Rubio's proposed line between permissible and impermissible discrimination distinguishes between refusing service based on "identity" ("who you are and who you love," as Rubio describes it) and refusing to "participate" in the wedding itself.
That conception would condemn discrimination in the vast majority of anti-gay discrimination cases, which do not involve actual weddings, as when an auto repair shop owner declares that his Christian faith commands him not to serve gay customers, or when a pediatrician refuses to keep an appointment to see the baby of a lesbian couple after "praying" about it, or when taxi drivers eject same-sex couples whose mild show of affection in the back seat offends religious views about homosexual conduct.
In the small number of wedding-related cases where Rubio would grant a religious exemption, the vast majority of those-he speculates 99.9%-will never get to litigation. Same-sex couples and a lot of their friends will quite rightly want nothing more to do with such business owners.
How about that 0.1% of wedding-related service providers (cake bakers, photographers, and florists) where gay couples demand service-the dozen or so cases nationwide that seem to have captivated advocates on both sides? An interview is not a law review article, and Rubio can't be expected to have addressed every nuance. But it's very easy to get pulled into the weeds on his distinction between identity-based discrimination and wedding-participation discrimination.
For Rubio, a florist should not refuse to sell flowers to a gay person, but should be allowed to refuse arrangements for a gay wedding.

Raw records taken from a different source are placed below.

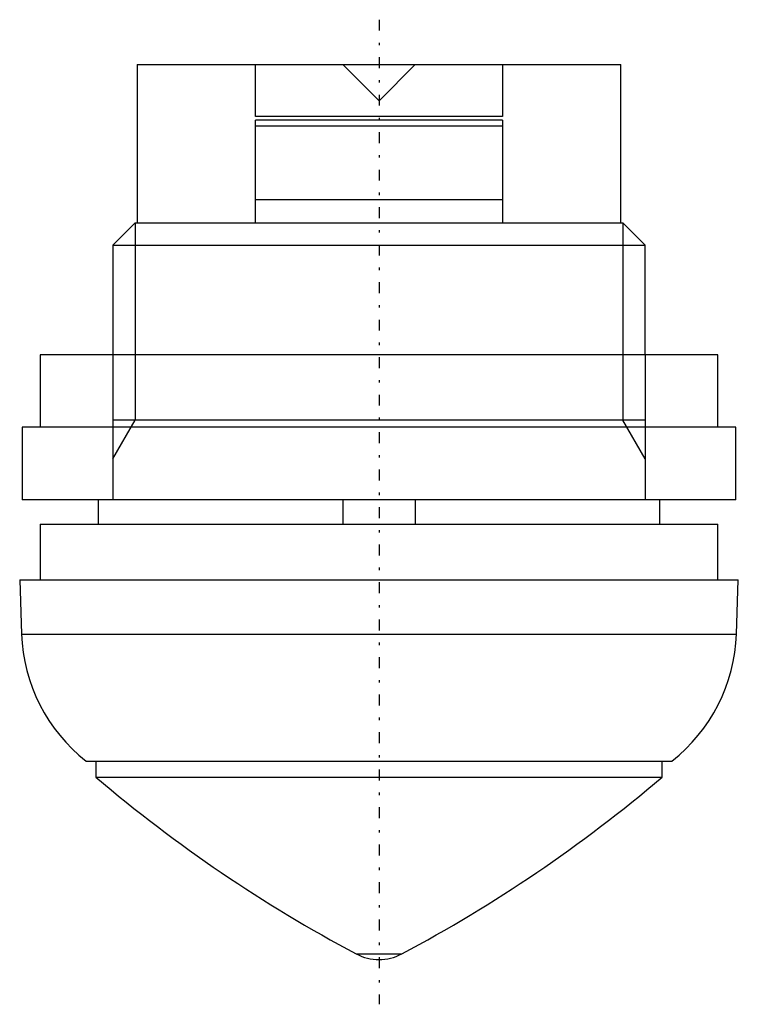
# Model space of a CAD drawing. Extents: x -14.8 to 14.8, y -38.8 to 1.9.
import ezdxf

# ---------------------------------------------------------------- set-up
doc = ezdxf.new("R2010")
doc.units = 0
doc.linetypes.add('CENTER', pattern=[1.5, 0.45, -0.5, 0.05, -0.5])
for name, color, linetype in [('AM_0', 7, 'CONTINUOUS'), ('AM_10', 7, 'CONTINUOUS'), ('AM_7', 7, 'CENTER'), ('CONNECTIONPOINTS', 1, 'CONTINUOUS')]:
    doc.layers.add(name, color=color, linetype=linetype)

msp = doc.modelspace()

# ---------------------------------------------------------------- linework, layer by layer
at = {"layer": 'AM_0', "color": 7, "linetype": 'CONTINUOUS'}
for p, q in [((-10, 0), (-10, -6.55)), ((-10, 0), (10, 0)), ((-5.1, -2.15), (-5.1, 0)), ((5.1, 0), (5.1, -2.15)), ((10, -6.55), (10, 0)), ((0, -1.5), (-1.5, 0)), ((1.5, 0), (0, -1.5)), ((5.1, -2.15), (-5.1, -2.15)), ((-5.1, -6.55), (-5.1, -2.3)), ((5.1, -2.3), (-5.1, -2.3)), ((5.1, -2.3), (5.1, -6.55)), ((5.1, -2.55), (-5.1, -2.55)), ((5.1, -5.6), (-5.1, -5.6)), ((-10.08, -6.55), (-11, -7.47)), ((-10.08, -6.55), (10.08, -6.55)), ((11, -7.47), (10.08, -6.55)), ((-11, -7.47), (-11, -12)), ((-11, -7.47), (11, -7.47)), ((11, -12), (11, -7.47)), ((-14, -12), (-14, -15)), ((14, -12), (-14, -12)), ((14, -15), (14, -12)), ((-14.75, -15), (-14.75, -18)), ((14.75, -15), (-14.75, -15)), ((14.75, -18), (14.75, -15)), ((14.75, -18), (-14.75, -18)), ((-11.6, -18), (-11.6, -19)), ((-1.5, -18), (-1.5, -19)), ((1.5, -18), (1.5, -19)), ((11.6, -19), (11.6, -18)), ((-14, -19), (-14, -21.3)), ((-14, -19), (14, -19)), ((14, -21.3), (14, -19)), ((-14.85, -21.3), (-14.772, -23.544)), ((-14.85, -21.3), (14.85, -21.3)), ((14.772, -23.544), (14.85, -21.3)), ((-14.772, -23.544), (14.772, -23.544)), ((-12.106, -28.8), (12.106, -28.8)), ((-11.7, -28.8), (-11.7, -29.46)), ((11.7, -29.46), (11.7, -28.8)), ((-11.7, -29.46), (11.7, -29.46)), ((-0.937, -36.767), (0.937, -36.767))]:
    msp.add_line(p, q, dxfattribs=at)
for centre, radius, start, end in [((-7.776, -23.3), 7, 181.9998, 231.7868), ((7.776, -23.3), 7, 308.2132, 358.0002), ((27.183, 16.236), 60, 229.60514, 242.05171), ((-27.183, 16.236), 60, 297.94829, 310.39486), ((0, -35), 2, 242.0558, 297.9418)]:
    msp.add_arc(centre, radius, start, end, dxfattribs=at)
at = {"layer": 'AM_10', "color": 7, "linetype": 'CONTINUOUS'}
for p, q in [((-10.08, -6.55), (-10.08, -14.707)), ((10.08, -6.55), (10.08, -14.707)), ((-11, -12), (-11, -18)), ((11, -12), (11, -18)), ((11, -14.707), (-11, -14.707)), ((-11, -16.3), (-10.08, -14.707)), ((11, -16.3), (10.08, -14.707))]:
    msp.add_line(p, q, dxfattribs=at)
at = {"layer": 'AM_7', "color": 4, "linetype": 'CENTER'}
msp.add_line((0, 1.85), (0, -38.85), dxfattribs=at)
at = {"layer": 'CONNECTIONPOINTS', "color": 1, "linetype": 'CONTINUOUS'}
msp.add_point((0, 0), dxfattribs=at)

doc.saveas('drawing.dxf')

But suppose the couple is going to pick up the flowers at the shop rather than have them delivered and arranged at the wedding site. Is sale to the couple under these circumstances still "participation" in the event or is refusal to sell flowers for the event a form of discrimination based on "who you love"?
Rubio also thinks that a hotel should not deny a room to gay newlyweds. But could the hotel refuse to rent out space in a ballroom for a wedding reception?
Rubio's remarks are a search for some middle ground between absolutist approaches on both sides-either no anti-discrimination protection for gay people at all (endorsed by many religious conservatives and some libertarians) or full anti-discrimination protection with no exceptions for specific events like marriages that are heavily laden with religious meaning for many people.
For many gay-rights advocates, the very distinction between a person's status or identity as gay and the person's related conduct (like getting married to a same-sex spouse) harkens back to the old phrase, "Love the sinner, hate the sin." It will be no more acceptable in the context of refusing service to gay weddings than in, say, the ejection of an openly gay couple from a cab.
For many religious conservatives, the passage of any laws specifically protecting gay people from discrimination signals a decline in social morality and an unacceptable intrusion on religious faith. Strong libertarians will have their own objections to such laws.
But Rubio' s approach may have a commonsensical and intuitive appeal to the vast majority of Americans who fall somewhere between those opposite poles.